The PCAOB conducts annual inspections of firms that audit more than 100 issuers and firms that provide audit reports for fewer issuers at least every three years.

Preparing for a PCAOB inspection became so detailed and expensive for many companies that the Board issued Auditing Standard No. 5 in 2007, which replaced Auditing Standard No. 2 to make the whole process less burdensome for everyone. Documenting internal control involved a thorough review of systems and also meant additional employment opportunities for Information Technology professionals.

SOX also addresses corporate governance and executive fiduciary responsibility, such as loans to officers and directors, management oversight, director due diligence, and executive compensation

OX extended the statute of limitations on securities fraud.

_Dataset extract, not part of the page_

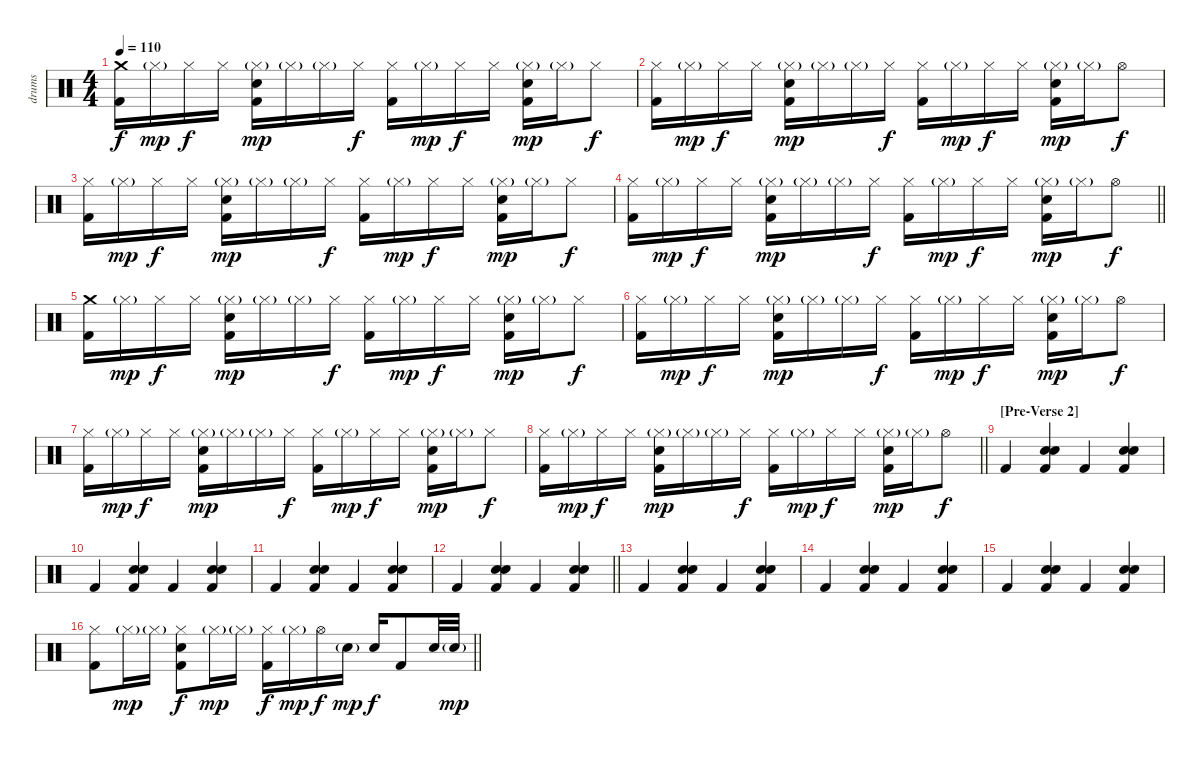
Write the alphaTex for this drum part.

Auditors are required under the law to maintain "all audit or review work papers" for five years and employees of issuers and accounting firms are extended "whistleblower protection." Forensic accounting is a growing specialty in the accounting profession.

In June, the SEC agreed to provide small businesses with an additional one-year extension to comply with the Sarbanes-Oxley Section 404(b) auditor attestation requirements. Senator Olympia Snowe, a member of the Senate Committee on Small Business, applauded the decision but asked for further study. "I am also pleased that the SEC will complete a study on the costs and benefits of applying the law to small businesses. The SEC should refrain from implementing any new regulations until such an evaluation is complete."